Orchestration is about organizing and controlling many computer systems, apps, and/or services, linking together many tasks to carry out a bigger workflow or process. These processes can have many tasks that are automated and can include many systems. The aim of orchestration is to make regular, repeatable processes run smoother and faster, helping data teams handle complex tasks and workflows more easily. Whenever a process can be done again and again, and its tasks can be automated, orchestration can be used to save time, make things more efficient, and get rid of unnecessary repeats.

In the field of data engineering or ETL, it often involves running specific code in the right order based on certain needs. Today, I want to show you a way to manage notebooks from other notebooks, particularly using a fantastic method named runMultiple. I want to concentrate only on running one notebook from another, though there are other options in Microsoft Fabric! I’ve already discussed one of them, you can find the article here. Let’s take a look at how it works.

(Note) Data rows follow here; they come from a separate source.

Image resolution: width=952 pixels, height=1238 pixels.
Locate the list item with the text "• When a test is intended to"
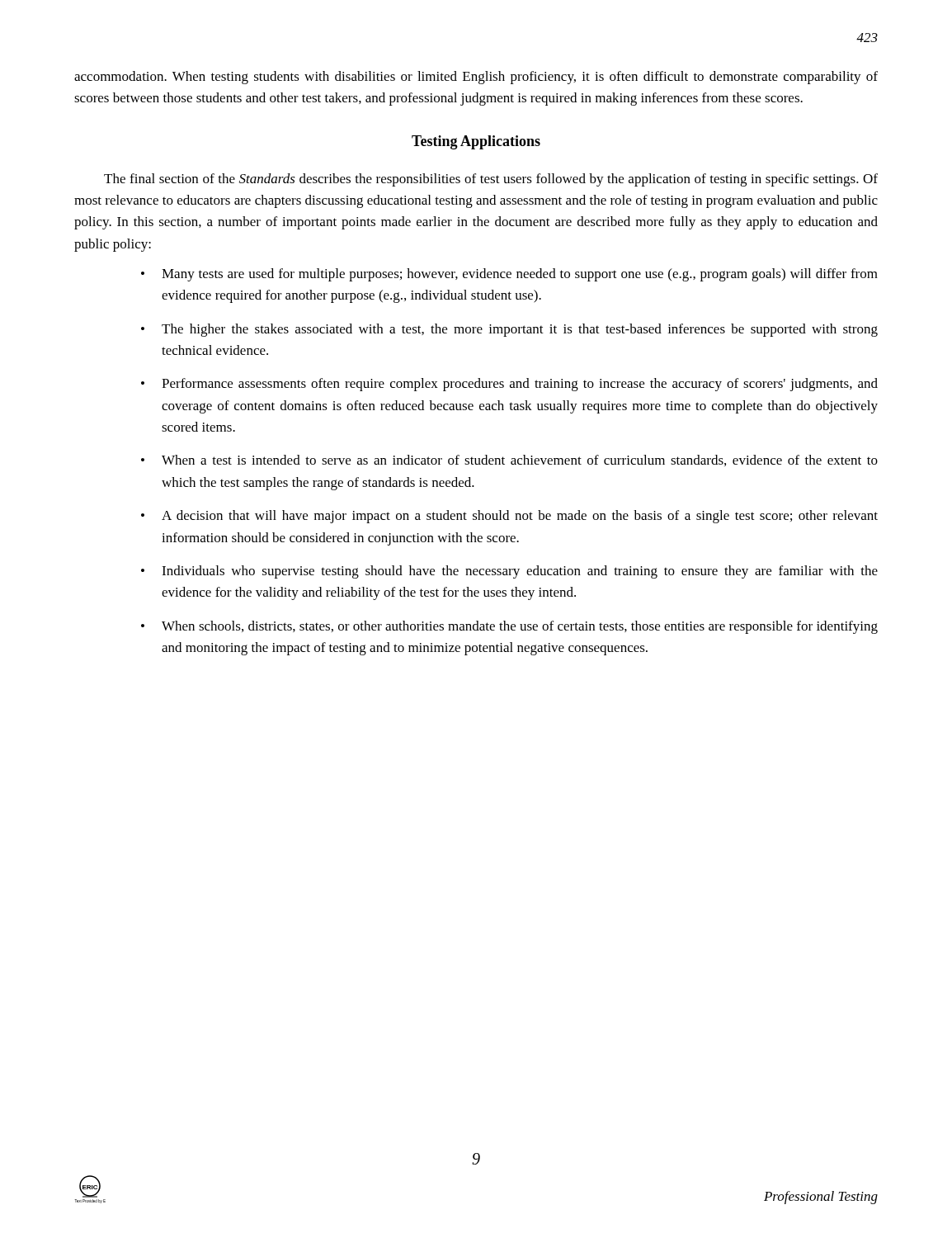coord(509,472)
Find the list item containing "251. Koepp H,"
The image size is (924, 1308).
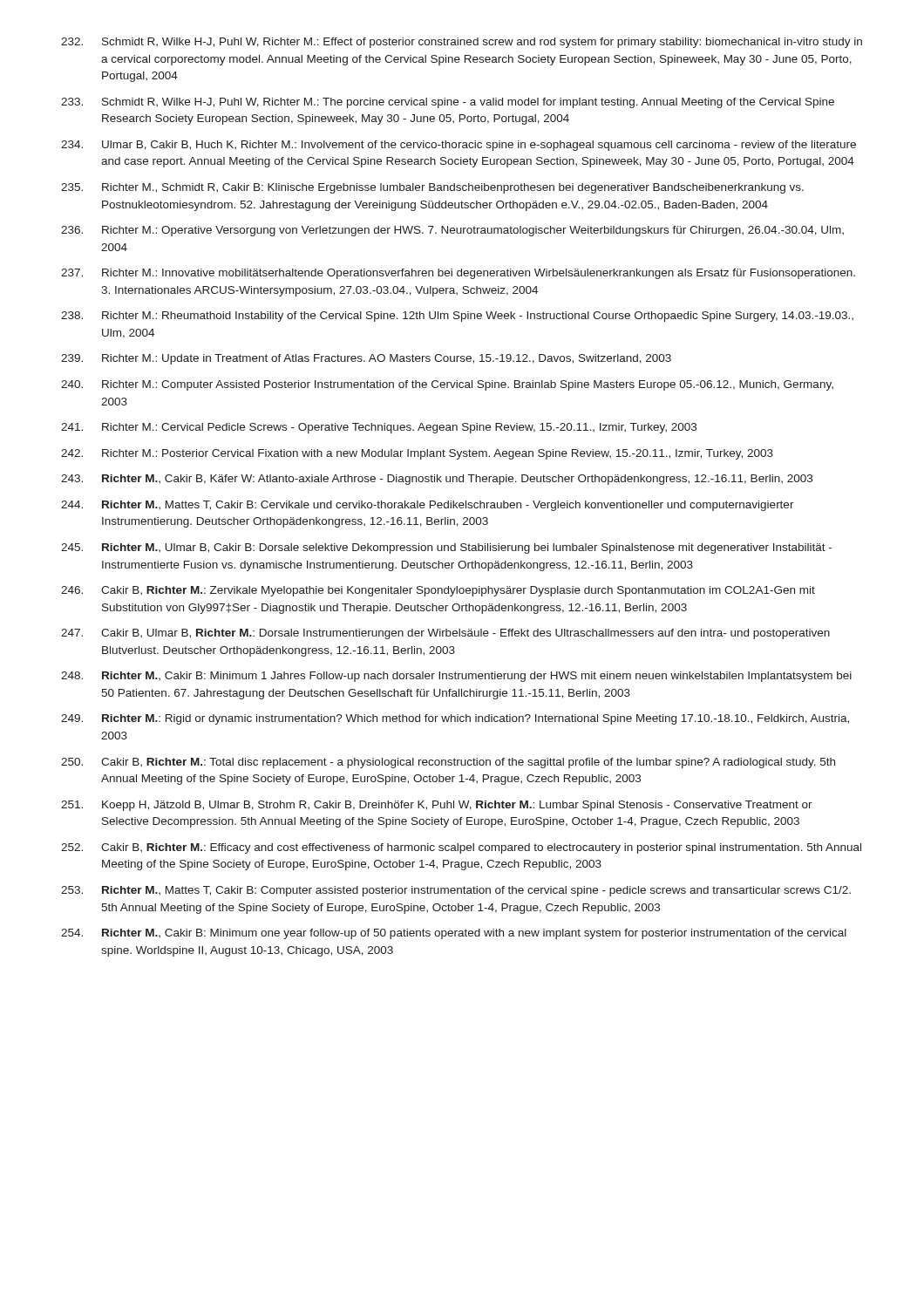[462, 813]
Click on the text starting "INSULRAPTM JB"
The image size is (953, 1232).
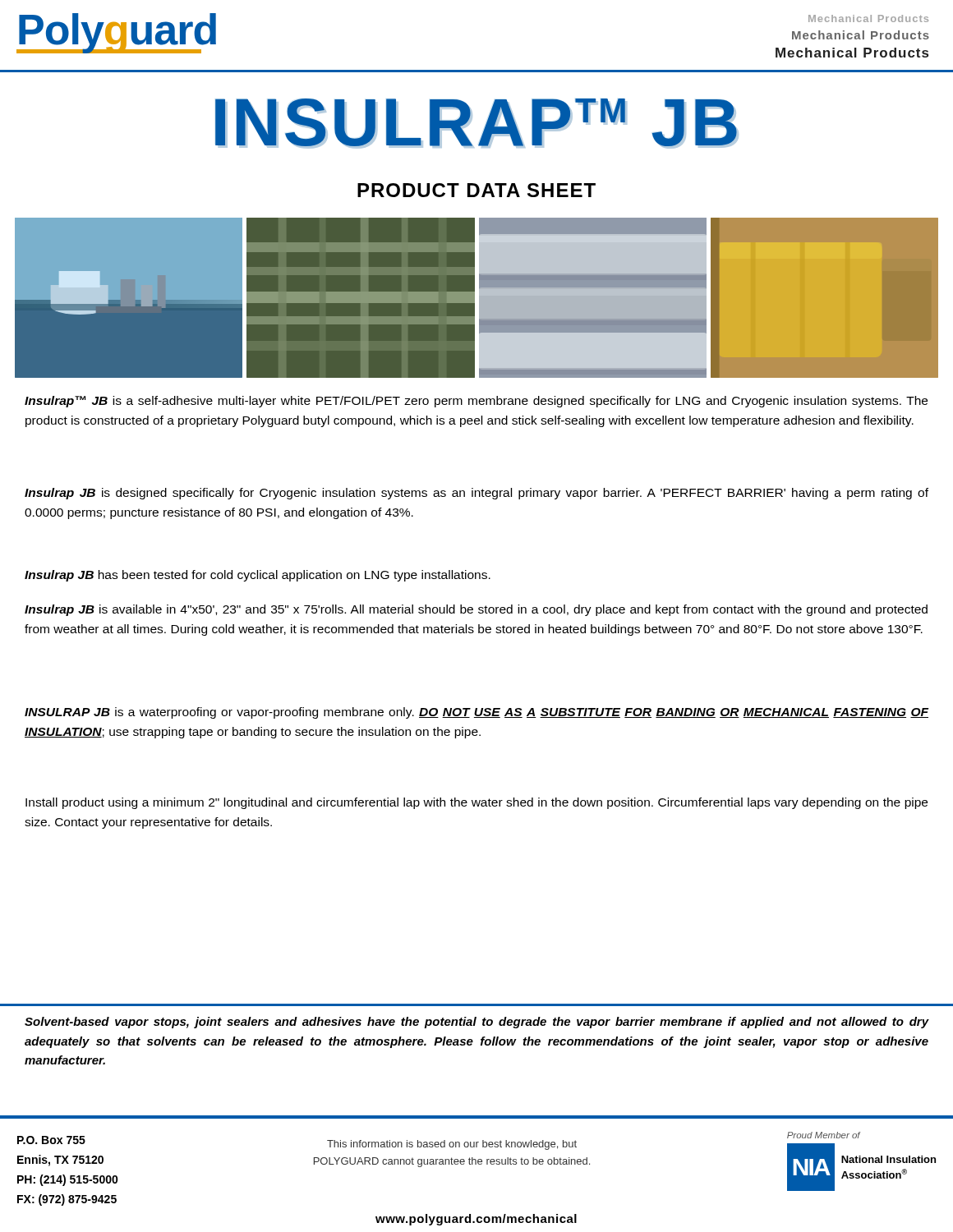click(476, 122)
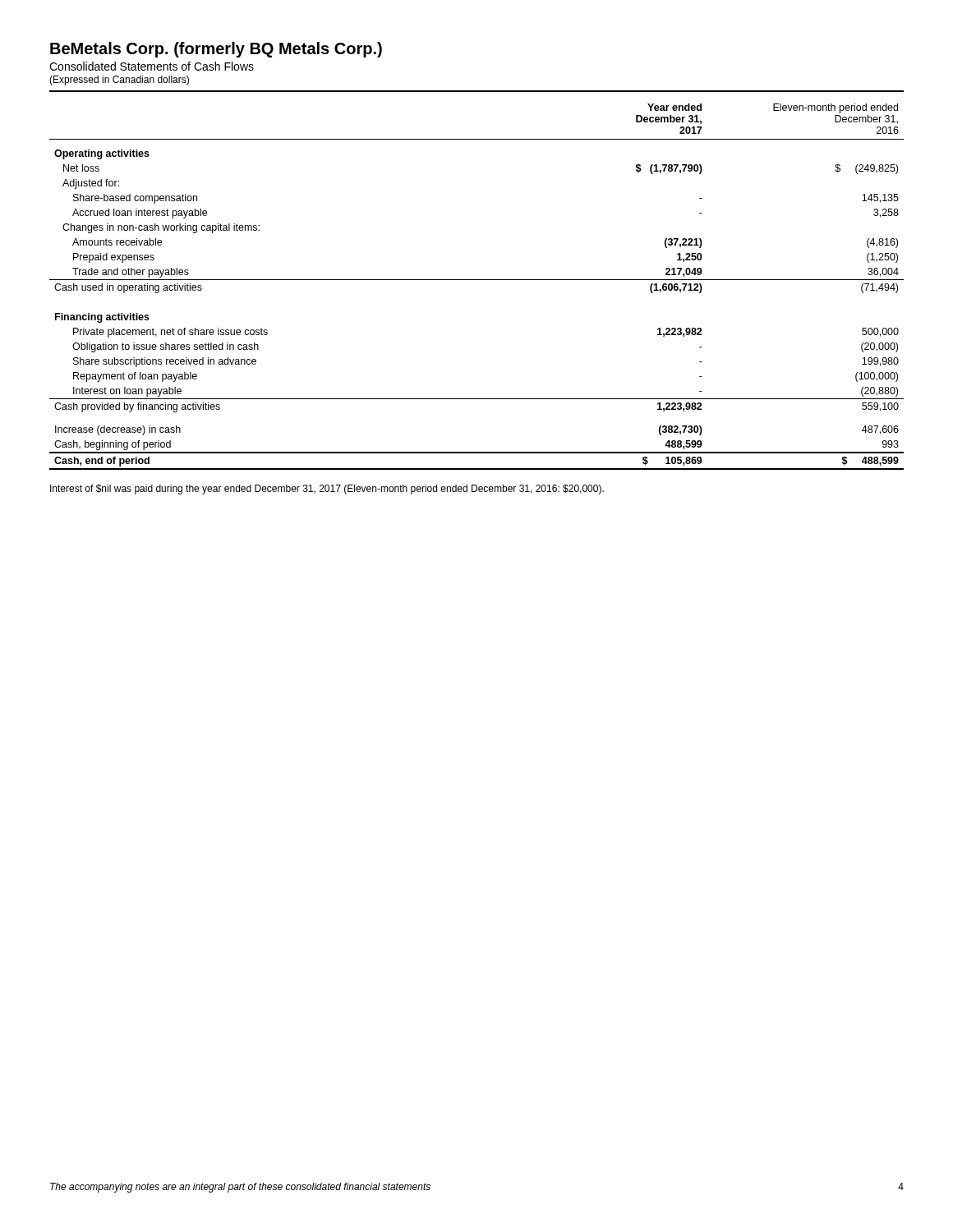
Task: Find the footnote containing "Interest of $nil was paid during the"
Action: (327, 489)

My demo setup includes four notebooks:

  • main_notebook – the main notebook that will run the other notebooks,
  • notebook_01, notebook_02, notebook_03 – these are the working notebooks that will be run from the main notebook, take some parameter, and return it to the main notebook.

The code in notebook 1, notebook 2, and notebook 3 is very straightforward and only contains two cells: one to accept parameters and the other to return their values.

input_value = "default"
mssparkutils.notebook.exit(input_value)

Just a reminder, in Microsoft Fabric notebooks, parameters can be set as a variable definition in one of the cells (usually the top one). You just need to go to the settings of the specific cell and select the “Toggle parameter cell” option. After that, you should see a small “parameters” indicator in the bottom right corner of a cell. This means that this cell will be treated in a special way and you can define all your parameters there. As you can see, I have only one string parameter with a default value set to “default” (you can also skip this part and just pass parameter to it without declaring it in the child notebook but IMHO it is not best approach). The value of this parameter will be returned using the mssparkutils.notebook.exit function. The same setup is present in notebook 1, 2, and 3.

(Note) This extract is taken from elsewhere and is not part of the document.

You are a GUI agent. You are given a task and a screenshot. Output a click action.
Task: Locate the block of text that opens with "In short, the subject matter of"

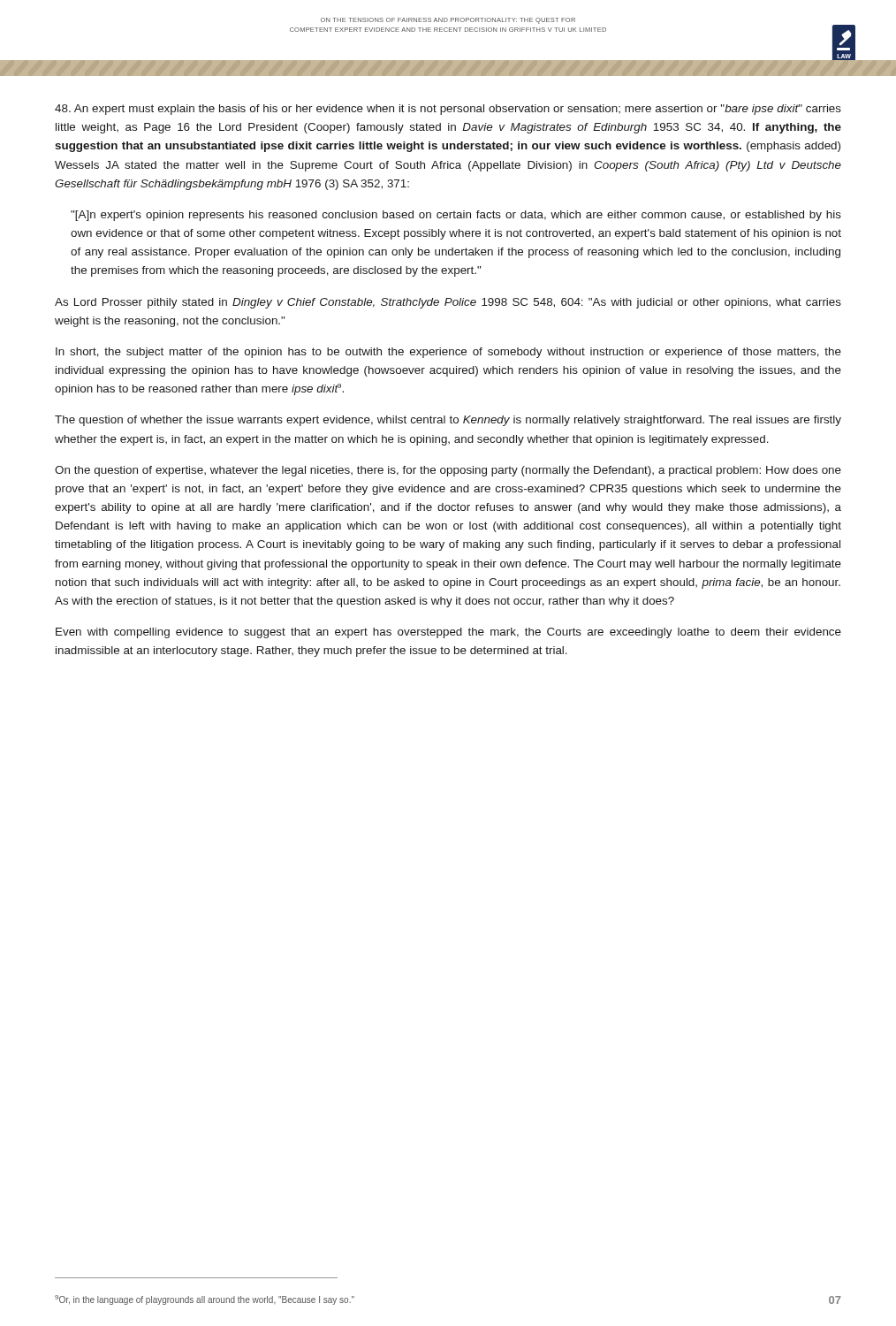(448, 370)
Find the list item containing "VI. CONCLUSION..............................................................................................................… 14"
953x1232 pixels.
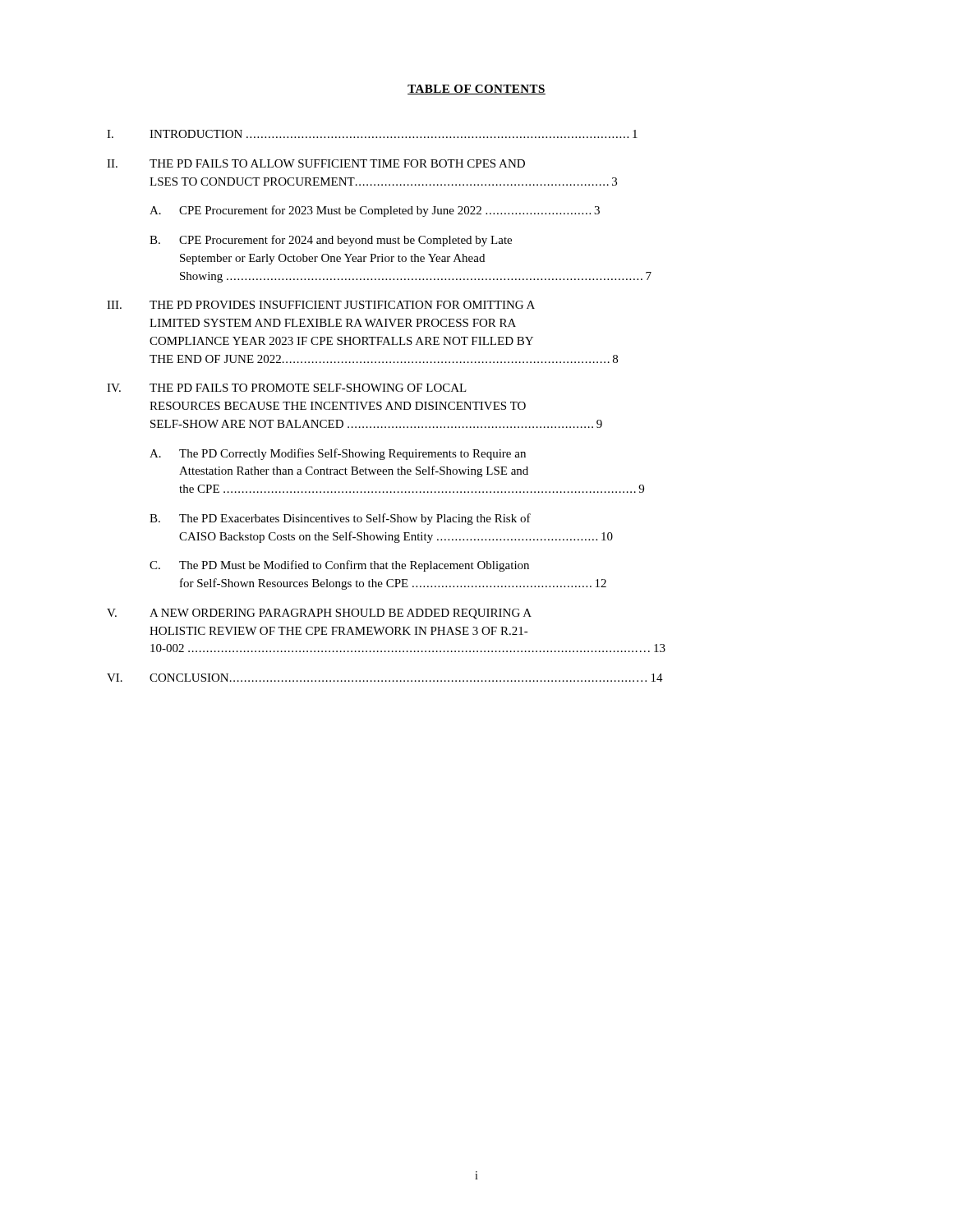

We’re all set to start. First, let’s use one of the magic commands in our main notebook called %run. It’s very easy to use – just type %run followed by the path_to_notebook and then optionally in brackets, you can add key-value pairs of parameter values, as shown in below:

%run notebook_01 { "input_value": 1}

As you can see, it’s very simple to use and we can also see the value returned by the child notebook. %run can be useful in many scenarios, but if we want to use a more Python-like way – for example, to capture the returned value and save it in a variable – then we should consider using mssparkutils.notebook.run. This gives us the same functionalities but it’s pure Python. The syntax is shown below, where 600 in this case is the timeout for the executed notebook:

mssparkutils.notebook.run("notebook_01",600,{ "input_value": 1})

Everything is working as expected. As you can see in the screenshot below, there’s also an option “View notebook run”. If we click on it, we can see how the child notebook was executed, cell by cell.

The two options I showed are the most common ways to run one notebook from another. But if we put multiple cells with those commands, they will run in sequence, which can be good, but not always. What if we want to run them in parallel? Of course, we can use typical Python parallelism features like concurrent.futures:

import concurrent.futures

def run_notebook(notebook_name, input_value):
    return mssparkutils.notebook.run(notebook_name, 600, {"input_value": input_value})

notebook_names = ["notebook_01", "notebook_02", "notebook_03"] 
input_values = [1, 2, 3] 

with concurrent.futures.ThreadPoolExecutor() as executor:
    futures = [executor.submit(run_notebook, notebook_name, input_value) 
               for notebook_name, input_value in zip(notebook_names, input_values)]
    results = [future.result() for future in concurrent.futures.as_completed(futures)]

print(results)

But this method isn’t the simplest, and there are other alternatives that I’d like to tell you about now. The real game-changer here is the function mssparkutils.notebook.runMultiple. In its simplest form, it can run all the notebooks passed as a list in parallel:

mssparkutils.notebook.runMultiple(["notebook_01", "notebook_02"])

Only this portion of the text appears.